Es ist nun halb eins und wir sind die Letzten. Wie kommst du heim, fragt er. Vor zwei Jahren habe ich noch ängstlich abgelehnt, dass er mich nach Hause fährt, aus Angst vor etwas, das geschehen könnte. Heute nehme ich gerne an. Wir gehen zum Parkhaus des Hotels Mandarin Oriental. Er hat ganz oben geparkt, im siebten Stockwerk. Dort oben ist es total leer. Wir können in die Fenster des Luxushotels gegenüber schauen. In einigen Zimmern ist Licht, doch kein Mensch zu sehen.

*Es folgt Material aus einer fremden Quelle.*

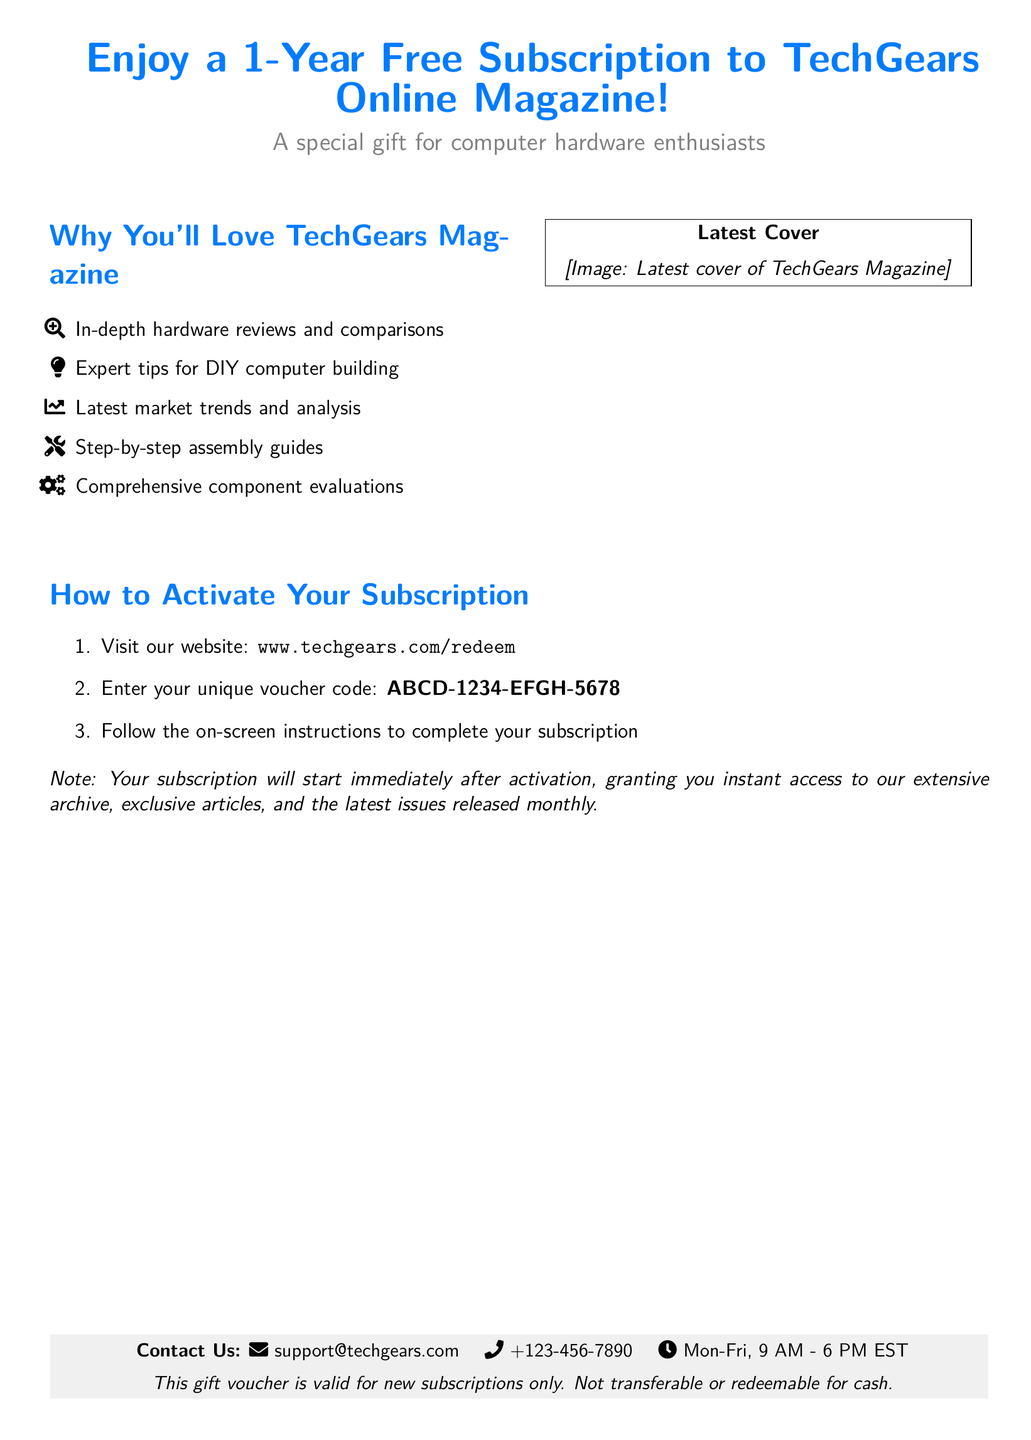What magazine is offered in the voucher? The document specifies that the voucher is for a subscription to TechGears Online Magazine.
Answer: TechGears Online Magazine How long is the subscription valid for? The document states that the subscription is for a duration of one year.
Answer: 1 year What is the unique voucher code to activate the subscription? The document provides the unique voucher code as part of the instructions to activate the subscription.
Answer: ABCD-1234-EFGH-5678 What is the website for redeeming the voucher? The document instructs users to visit a specific website to activate their subscription.
Answer: www.techgears.com/redeem What type of content can subscribers expect from TechGears Magazine? The document lists the types of content available, including in-depth hardware reviews and expert tips.
Answer: In-depth hardware reviews, expert tips When can users expect their subscription to start? The document notes that the subscription will start immediately after activation.
Answer: Immediately Which days are customer support available according to the document? The document explicitly mentions the working days for customer support under contact information.
Answer: Mon-Fri Can the gift voucher be transferred or redeemed for cash? The document clearly states the conditions regarding the voucher's transferability and cash redemption.
Answer: No

Es ist kalt hier oben und ich umarme ihn, ich schiebe meine Hände unter seinen Mantel und stelle mich auf die Zehenspitzen, um an seine Lippen zu kommen. Wir haben eindeutig den Mindestabstand unterschritten und ich küsse ihn. Er öffnet die etwas zittrigen fremd gewordenen Lippen, wir küssen uns inmitten dieser leeren Lockdown Stadt. Ich schiebe mich näher an ihn und nehme seine Hand, führe sie zu meinem Busen unter dem engen roten Kleid von damals, es ist leicht herunterzuschieben und mein Busen erstarrt fast in der Kälte auf dem Parkhausdach, doch es ist auch wunderbar, seine Hand darauf zu spüren. Eine Hand, die mein Herz öffnet. Nein, mein Herz ist schon lange offen, dadurch, dass wir den ganzen Abend gelacht haben. Wir sind hier oben total allein, es ist etwa fünf Grad kalt, aber uns wird heiß. Ich öffne seinen Hosengürtel und hole etwas heraus, das ich 13 Jahre lang nicht gesehen und gespürt habe. Es ist hart und muss hier fürchterlich frieren.
Wir schauen in die erleuchteten Zimmer des Hotels nebenan. „Da kriegen wir heute sicher ein Zimmer zum Sonderpreis!“ sage ich. Reisebeschränkungen, keine Touristen, Sperrstunde, kein Alkohol, die Lichter im ersten Stock, wo die Bar ist, längst gelöscht – alle Hoteliers sind mit den Nerven und den Finanzen am Ende.
„Komm, wir gehen rüber und mieten ein Zimmer“, sage ich.